Stored data:
▬▬▬▬▬▬

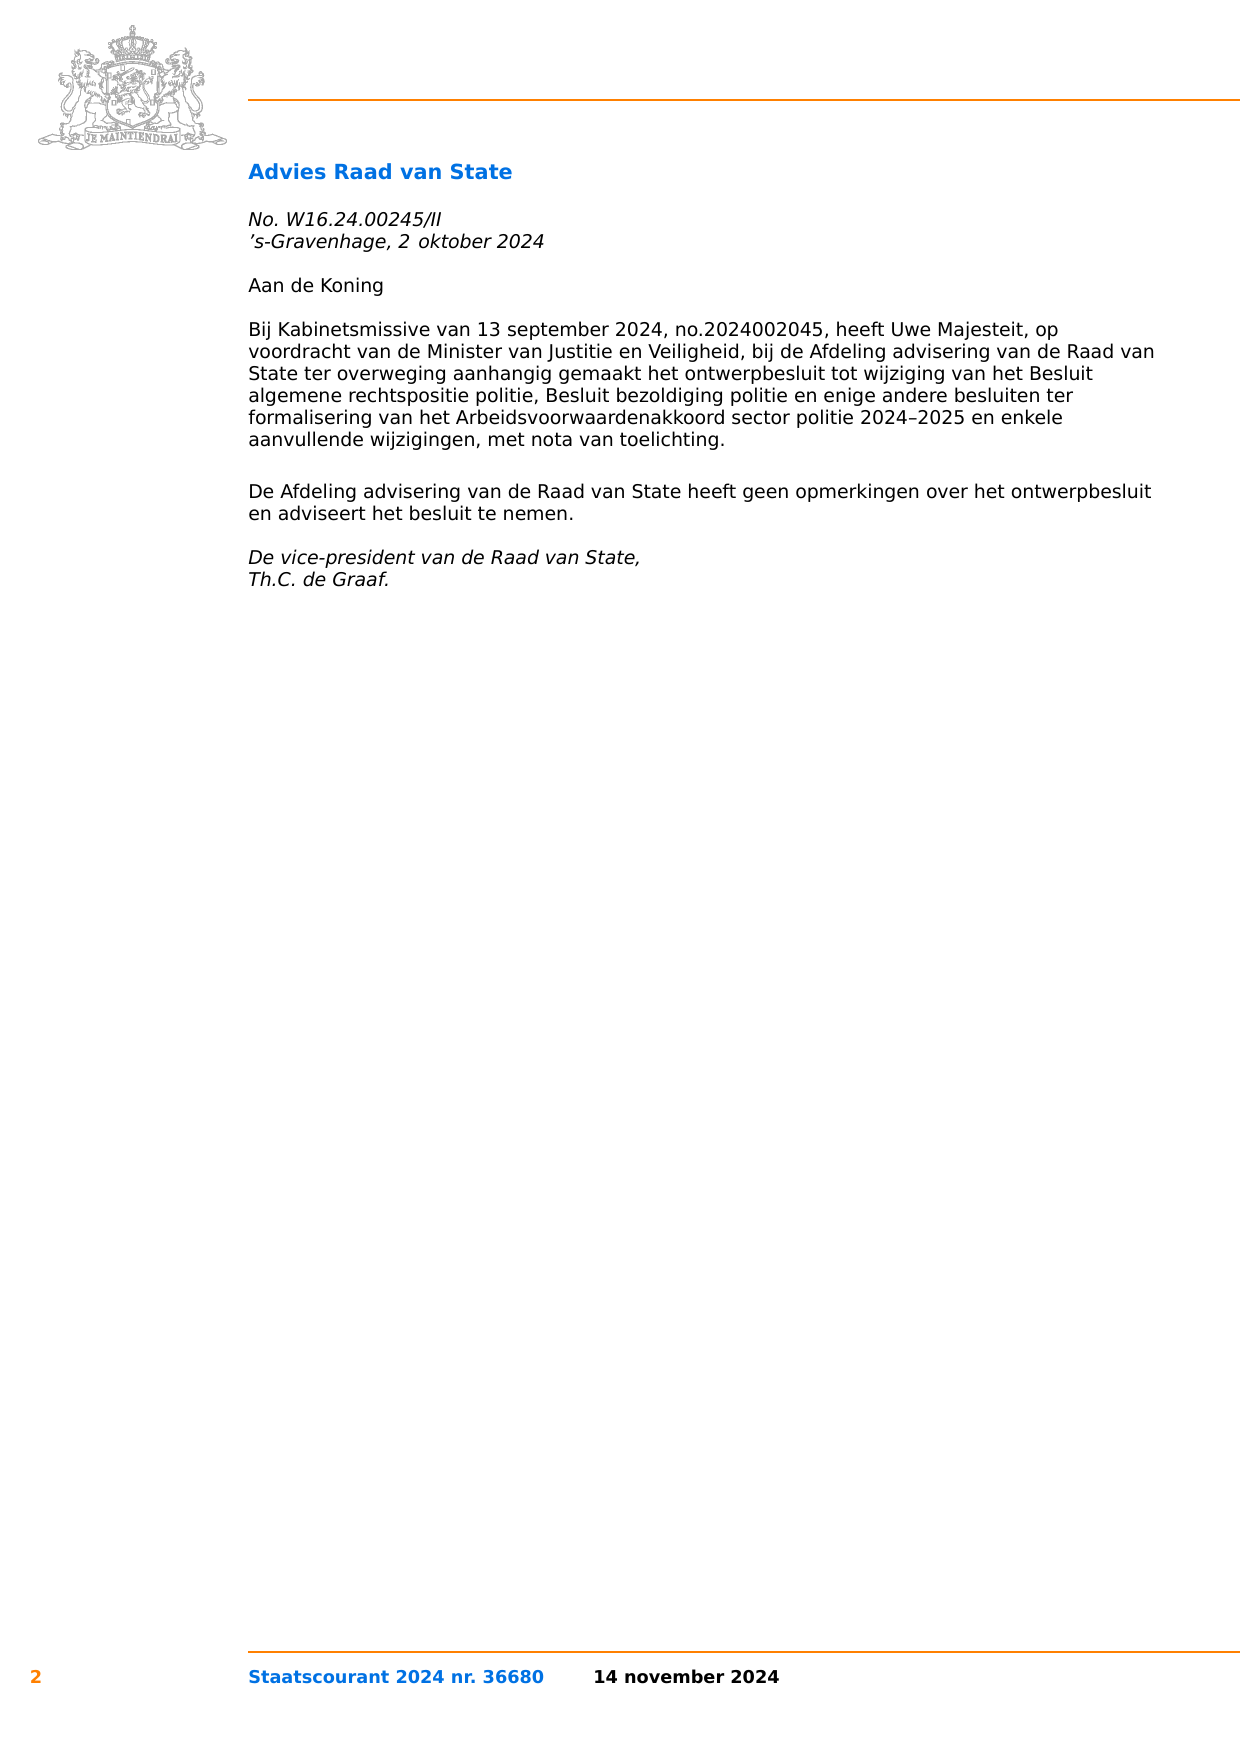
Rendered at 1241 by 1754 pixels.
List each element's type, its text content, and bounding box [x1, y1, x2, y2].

text De Afdeling advisering van de Raad van State heeft geen opmerkingen over het ontwerpbesluit en adviseert het besluit te nemen. [248, 481, 1163, 525]
picture [38, 25, 227, 150]
text Aan de Koning [248, 275, 1163, 297]
text ’s-Gravenhage, 2 oktober 2024 [248, 231, 1163, 253]
text De vice-president van de Raad van State, Th.C. de Graaf. [248, 547, 1163, 591]
text No. W16.24.00245/II [248, 209, 1163, 231]
text Bij Kabinetsmissive van 13 september 2024, no.2024002045, heeft Uwe Majesteit, op voordracht van de Minister van Justitie en Veiligheid, bij de Afdeling advisering van de Raad van State ter overweging aanhangig gemaakt het ontwerpbesluit tot wijziging van het Besluit algemene rechtspositie politie, Besluit bezoldiging politie en enige andere besluiten ter formalisering van het Arbeidsvoorwaardenakkoord sector politie 2024–2025 en enkele aanvullende wijzigingen, met nota van toelichting. [248, 319, 1163, 451]
subtitle Advies Raad van State [248, 160, 1163, 184]
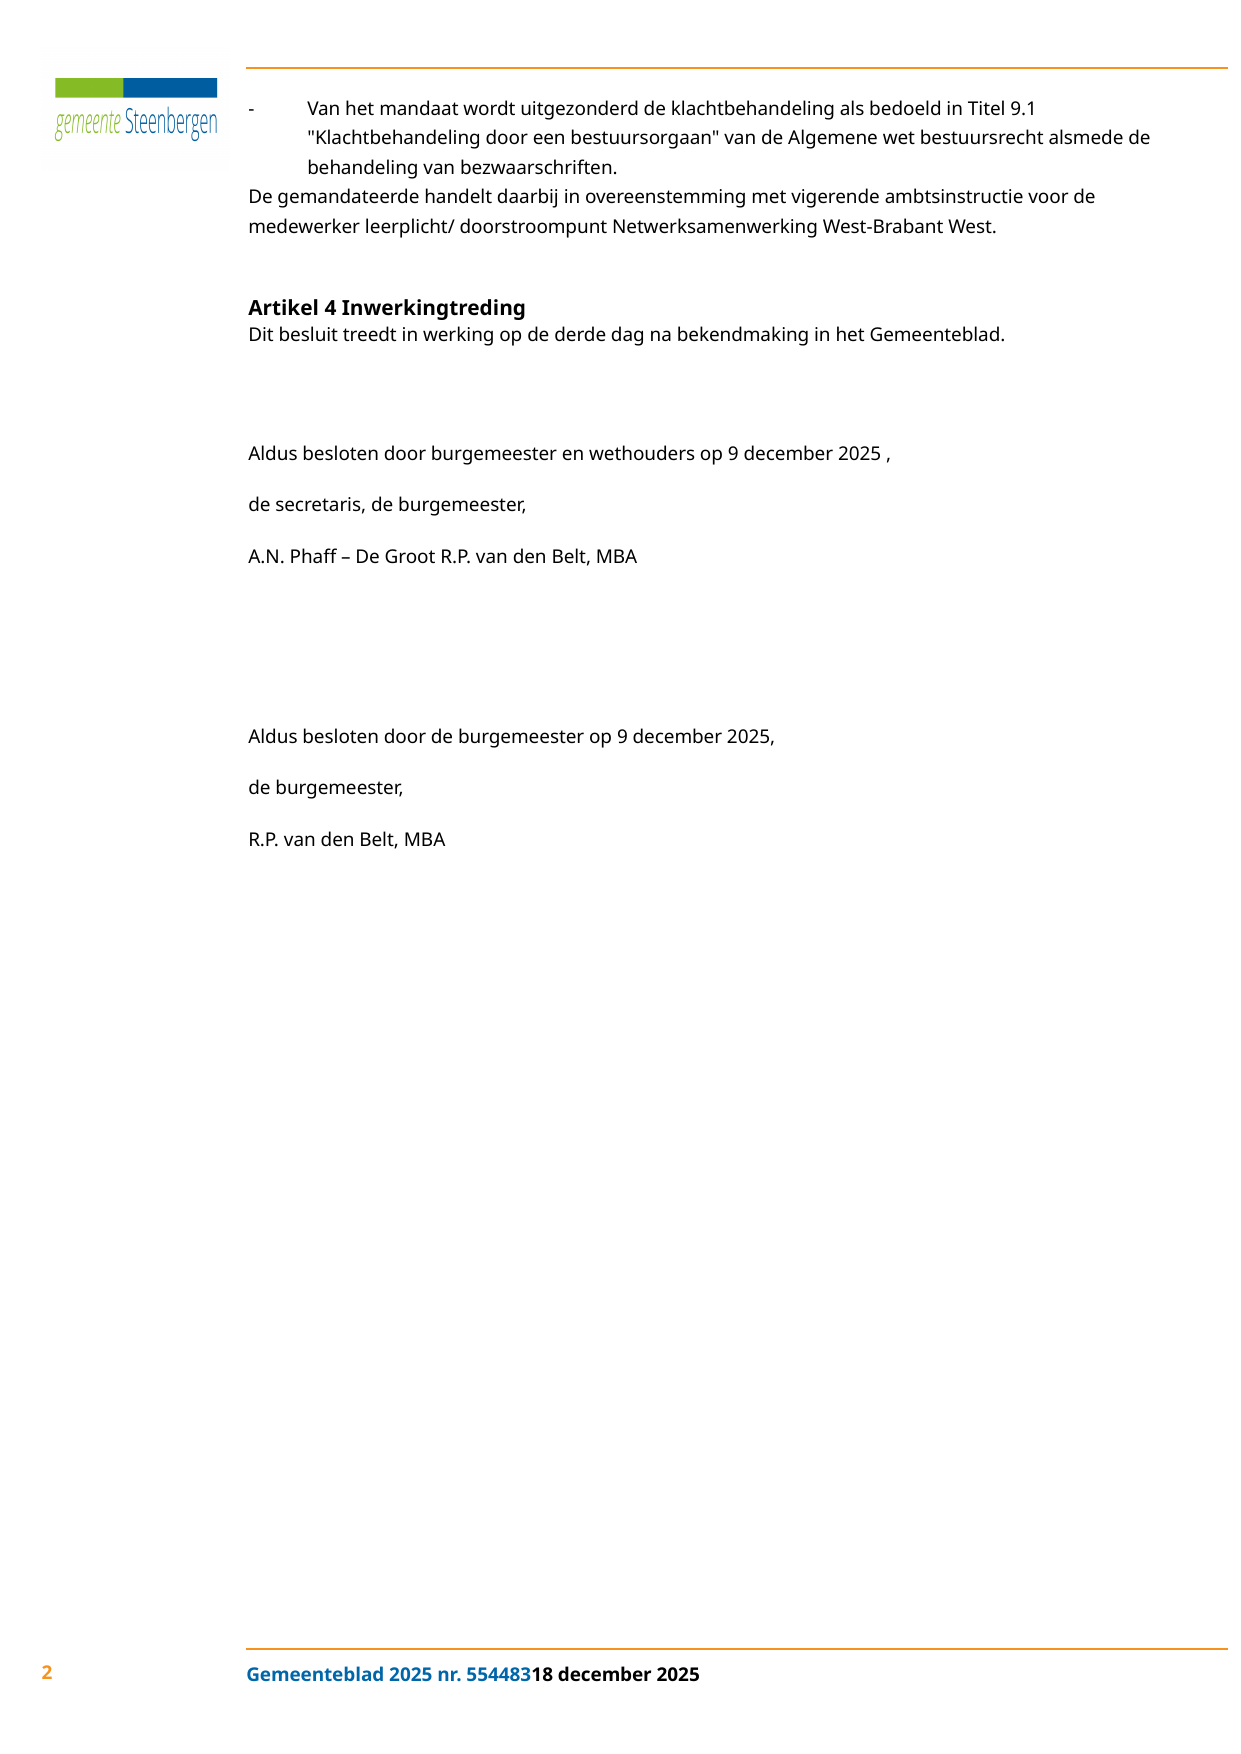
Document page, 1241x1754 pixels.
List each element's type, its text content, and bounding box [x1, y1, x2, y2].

▬▬▬▬▬▬

### WORK INSTRUCTIONS
The word to find is "pixels". Copy every line of the records that holds it.

### TASK RESULT
Rendered at 1241 by 1754 pixels.
Document page, 1241x1754 pixels.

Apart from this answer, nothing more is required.